## WHAT YOU ARE ASKED TO DO
The reply should match the listing below character for character, except that no image is carried over.

## COLLECTED DATA
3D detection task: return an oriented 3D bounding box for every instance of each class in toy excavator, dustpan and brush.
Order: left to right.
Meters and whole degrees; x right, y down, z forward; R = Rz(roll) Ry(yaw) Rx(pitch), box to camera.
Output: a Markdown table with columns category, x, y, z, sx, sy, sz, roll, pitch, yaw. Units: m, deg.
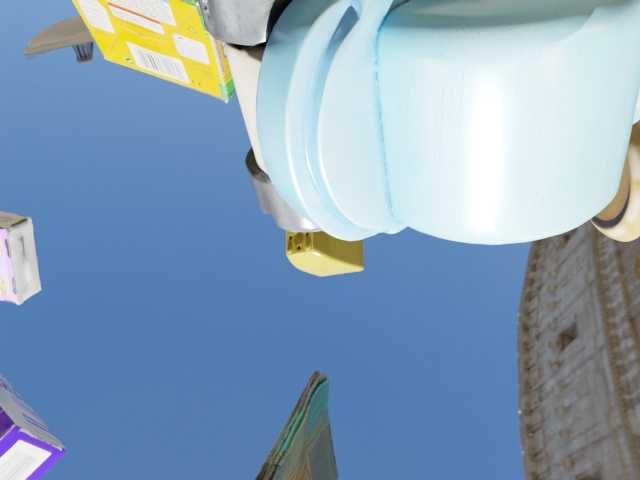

## COMPLETED TASK
3D detection task: return an oriented 3D bounding box for every instance of each class in toy excavator, dustpan and brush.
Order: left to right.
Meters and whole degrees; x right, y down, z forward; R = Rz(roll) Ry(yaw) Rx(pitch), box to camera.
Output: a Markdown table with columns category, x, y, z, sx, sy, sz, roll, pitch, yaw. Units: m, deg.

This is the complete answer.